To investigate the independent associations between medial temporal lobe atrophy and white matter hyperintensities (WMH) and cognitive functions in the elderly.

METHODS

Cognitive functions of 41 Alzheimer's disease patients, 20 patients with mild cognitive impairment and 28 elderly subjects without memory complaints were assessed using a neuropsychological test battery. Quantitative MRI measures of medial temporal lobe volume and WMH were obtained. Multiple regression analyses were performed to assess the independent contribution of MRI measures to impairment in several cognitive functions.

RESULTS

Scores on the Wechsler Memory Scale and Trails B depended selectively on medial temporal lobe volume, whereas WMH selectively contributed to performance on Trails A. Medial temporal lobe volume and WMH both contributed to scores on the Cambridge Cognitive Examination and the Boston naming task.

CONCLUSIONS

MRI measures suggestive of Alzheimer-type pathology and microvascular pathology independently contribute to cognitive decline at old age. Memory impairment as measured using the Wechsler Memory Scale and performance on Trails B primarily depended on medial temporal lobe atrophy. Psychomotor slowness, as measured using Trails A, mainly depended on WMH. These results suggest that vascular pathology and Alzheimer-type pathology each have specific cognitive correlates.

摘要

目的

探讨老年人群中内侧颞叶萎缩与白质高信号(WMH)之间的独立关联及其与认知功能的关系。

方法

使用一套神经心理学测试对41例阿尔茨海默病患者、20例轻度认知障碍患者和28例无记忆障碍的老年受试者的认知功能进行评估。获取内侧颞叶体积和WMH的定量MRI测量值。
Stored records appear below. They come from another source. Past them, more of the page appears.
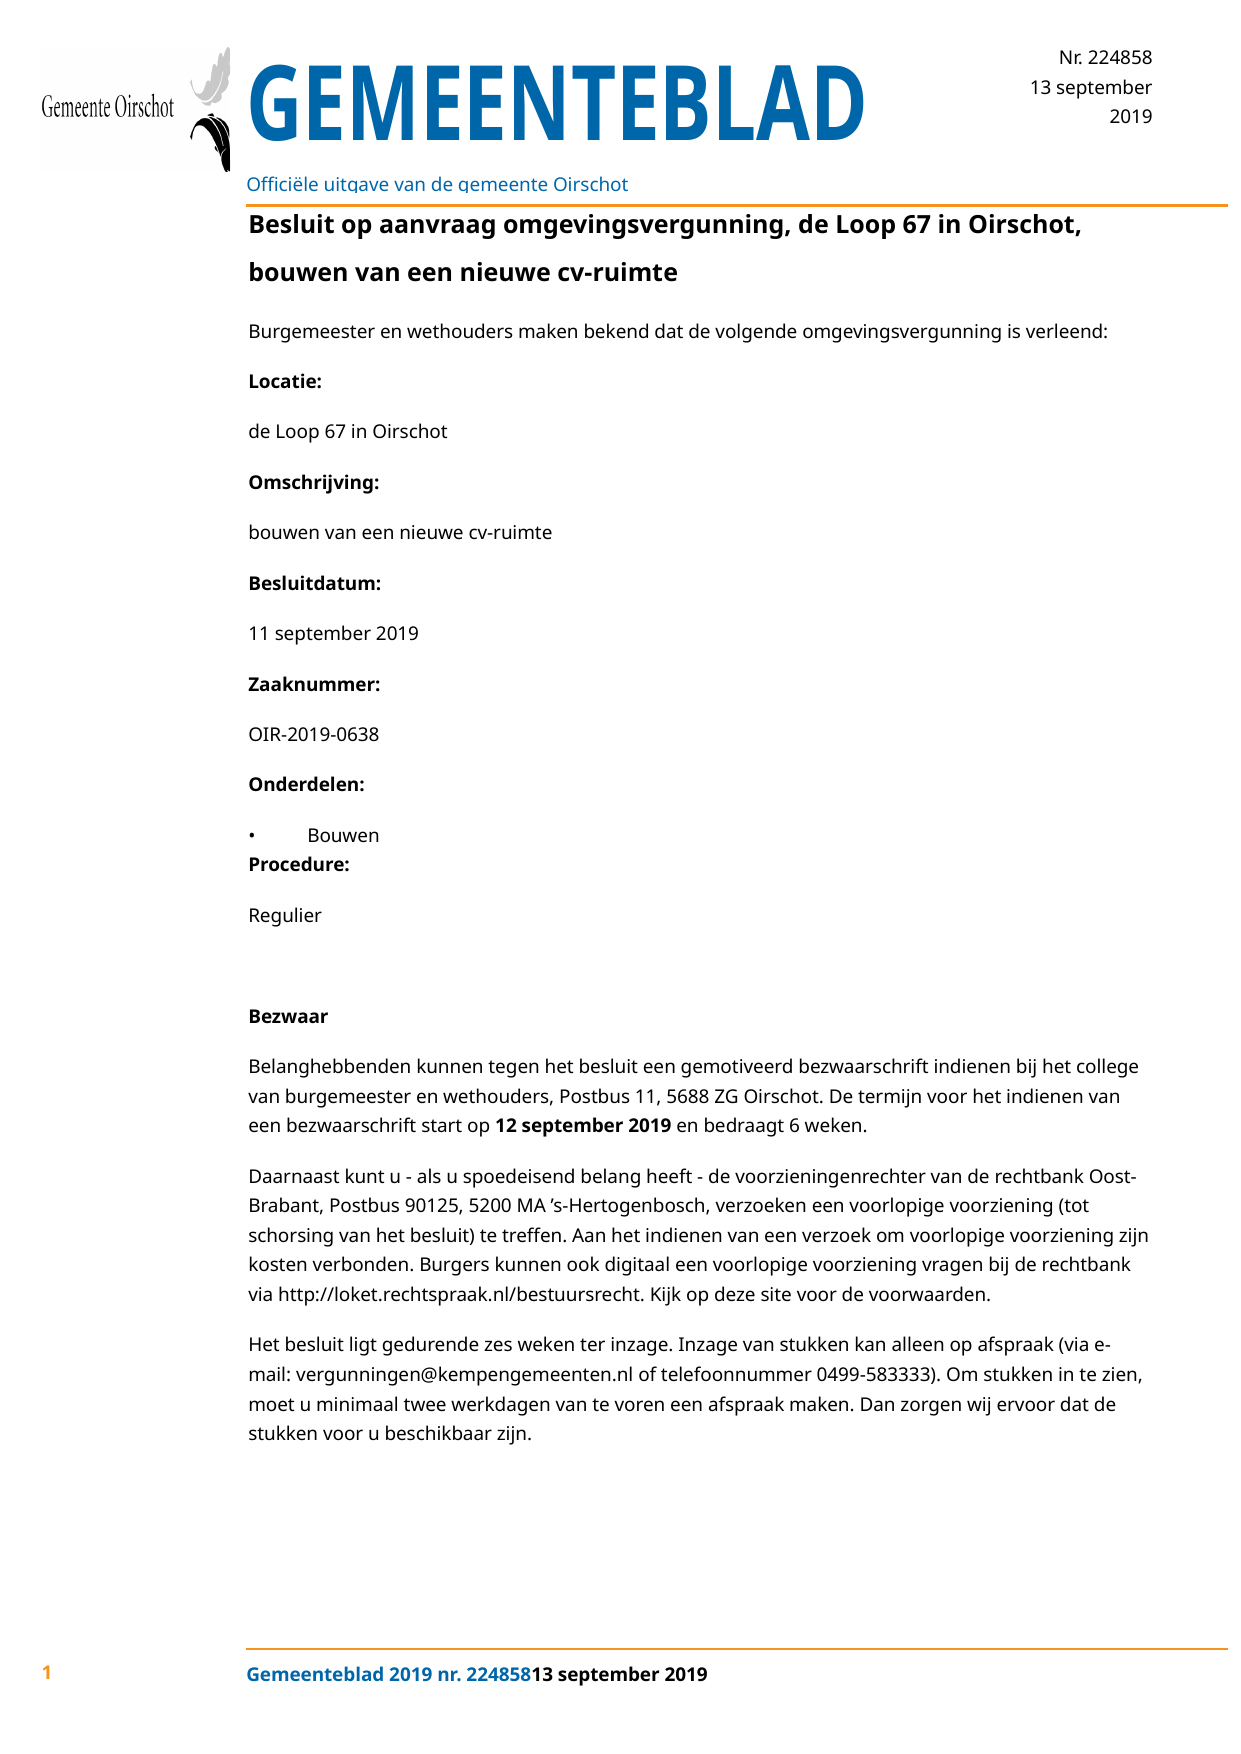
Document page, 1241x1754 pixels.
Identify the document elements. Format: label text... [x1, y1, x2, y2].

text Regulier [248, 902, 1152, 928]
text Bezwaar [248, 1003, 1152, 1029]
list Bouwen [248, 822, 1152, 848]
text Omschrijving: [248, 469, 1152, 495]
text Locatie: [248, 368, 1152, 394]
text Procedure: [248, 852, 1152, 877]
text bouwen van een nieuwe cv-ruimte [248, 519, 1152, 545]
text Het besluit ligt gedurende zes weken ter inzage. Inzage van stukken kan alleen op afspraak (via e-mail: vergunningen@kempengemeenten.nl of telefoonnummer 0499-583333). Om stukken in te zien, moet u minimaal twee werkdagen van te voren een afspraak maken. Dan zorgen wij ervoor dat de stukken voor u beschikbaar zijn. [248, 1332, 1152, 1446]
text Zaaknummer: [248, 671, 1152, 697]
text de Loop 67 in Oirschot [248, 419, 1152, 444]
text 11 september 2019 [248, 620, 1152, 646]
text Daarnaast kunt u - als u spoedeisend belang heeft - de voorzieningenrechter van de rechtbank Oost-Brabant, Postbus 90125, 5200 MA ’s-Hertogenbosch, verzoeken een voorlopige voorziening (tot schorsing van het besluit) te treffen. Aan het indienen van een verzoek om voorlopige voorziening zijn kosten verbonden. Burgers kunnen ook digitaal een voorlopige voorziening vragen bij de rechtbank via http://loket.rechtspraak.nl/bestuursrecht. Kijk op deze site voor de voorwaarden. [248, 1163, 1152, 1307]
text Onderdelen: [248, 772, 1152, 797]
text OIR-2019-0638 [248, 721, 1152, 747]
text Belanghebbenden kunnen tegen het besluit een gemotiveerd bezwaarschrift indienen bij het college van burgemeester en wethouders, Postbus 11, 5688 ZG Oirschot. De termijn voor het indienen van een bezwaarschrift start op 12 september 2019 en bedraagt 6 weken. [248, 1053, 1152, 1138]
text Besluit op aanvraag omgevingsvergunning, de Loop 67 in Oirschot, bouwen van een nieuwe cv-ruimte [248, 207, 1152, 288]
text Burgemeester en wethouders maken bekend dat de volgende omgevingsvergunning is verleend: [248, 318, 1152, 344]
picture [41, 47, 231, 172]
text Besluitdatum: [248, 570, 1152, 596]
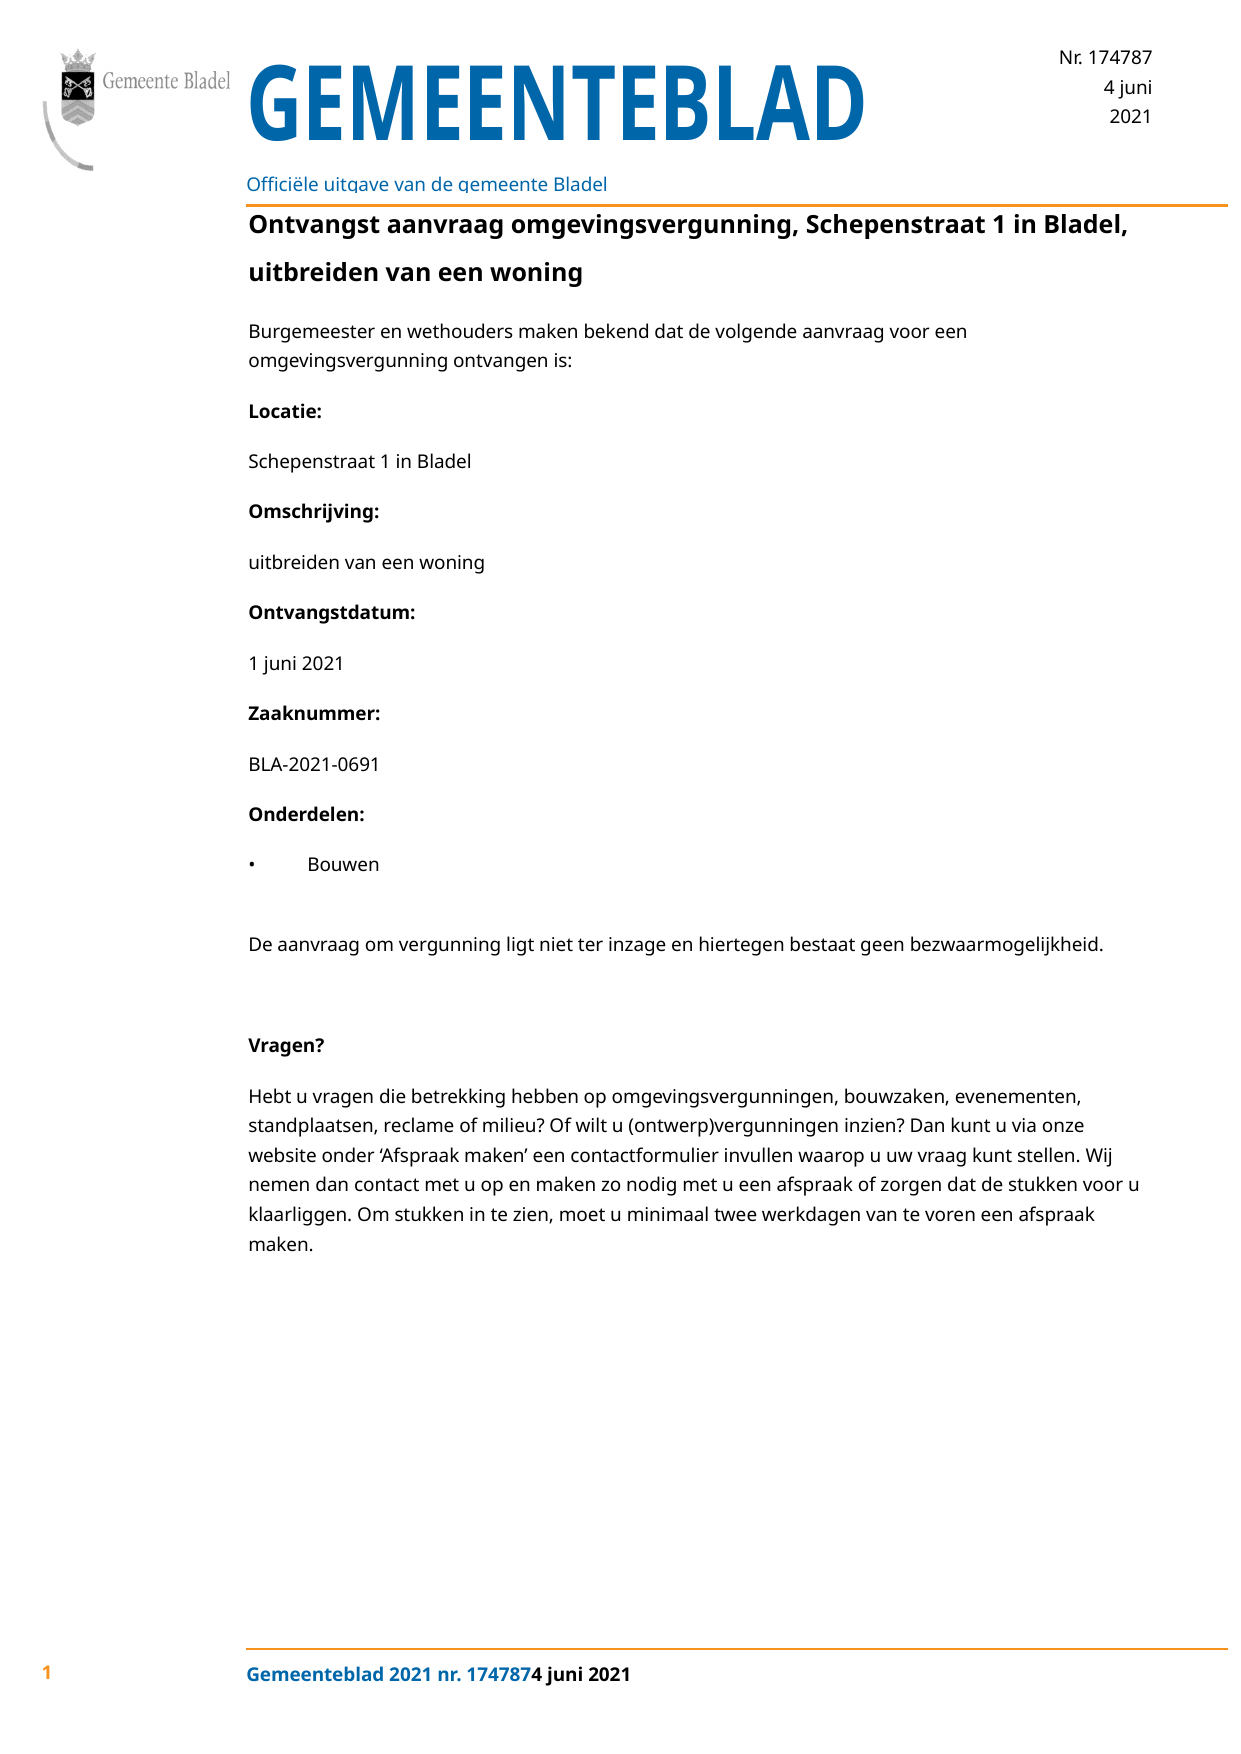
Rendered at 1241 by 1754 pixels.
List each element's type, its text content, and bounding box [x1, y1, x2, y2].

text Onderdelen: [248, 801, 1152, 827]
text Locatie: [248, 398, 1152, 424]
list Bouwen [248, 852, 1152, 877]
text BLA-2021-0691 [248, 751, 1152, 777]
text uitbreiden van een woning [248, 549, 1152, 575]
text Schepenstraat 1 in Bladel [248, 448, 1152, 474]
text 1 juni 2021 [248, 650, 1152, 676]
text De aanvraag om vergunning ligt niet ter inzage en hiertegen bestaat geen bezwaarmogelijkheid. [248, 932, 1152, 957]
picture [41, 47, 231, 172]
text Vragen? [248, 1032, 1152, 1058]
text Zaaknummer: [248, 700, 1152, 726]
text Burgemeester en wethouders maken bekend dat de volgende aanvraag voor een omgevingsvergunning ontvangen is: [248, 318, 1152, 373]
text Ontvangstdatum: [248, 599, 1152, 625]
text Ontvangst aanvraag omgevingsvergunning, Schepenstraat 1 in Bladel, uitbreiden van een woning [248, 207, 1152, 288]
text Omschrijving: [248, 499, 1152, 524]
text Hebt u vragen die betrekking hebben op omgevingsvergunningen, bouwzaken, evenementen, standplaatsen, reclame of milieu? Of wilt u (ontwerp)vergunningen inzien? Dan kunt u via onze website onder ‘Afspraak maken’ een contactformulier invullen waarop u uw vraag kunt stellen. Wij nemen dan contact met u op en maken zo nodig met u een afspraak of zorgen dat de stukken voor u klaarliggen. Om stukken in te zien, moet u minimaal twee werkdagen van te voren een afspraak maken. [248, 1083, 1152, 1257]

进行多元回归分析,以评估MRI测量值对几种认知功能损害的独立贡献。

结果

韦氏记忆量表和连线测验B的得分分别选择性地依赖于内侧颞叶体积,而WMH则选择性地影响连线测验A的表现。内侧颞叶体积和WMH均对剑桥认知检查和波士顿命名任务的得分有影响。

结论

提示阿尔茨海默病型病理和微血管病理的MRI测量值独立地导致老年期认知功能下降。使用韦氏记忆量表测量的记忆损害和连线测验B的表现主要取决于内侧颞叶萎缩。使用连线测验A测量的精神运动迟缓主要取决于WMH。这些结果表明,血管病理和阿尔茨海默病型病理各自具有特定的认知关联。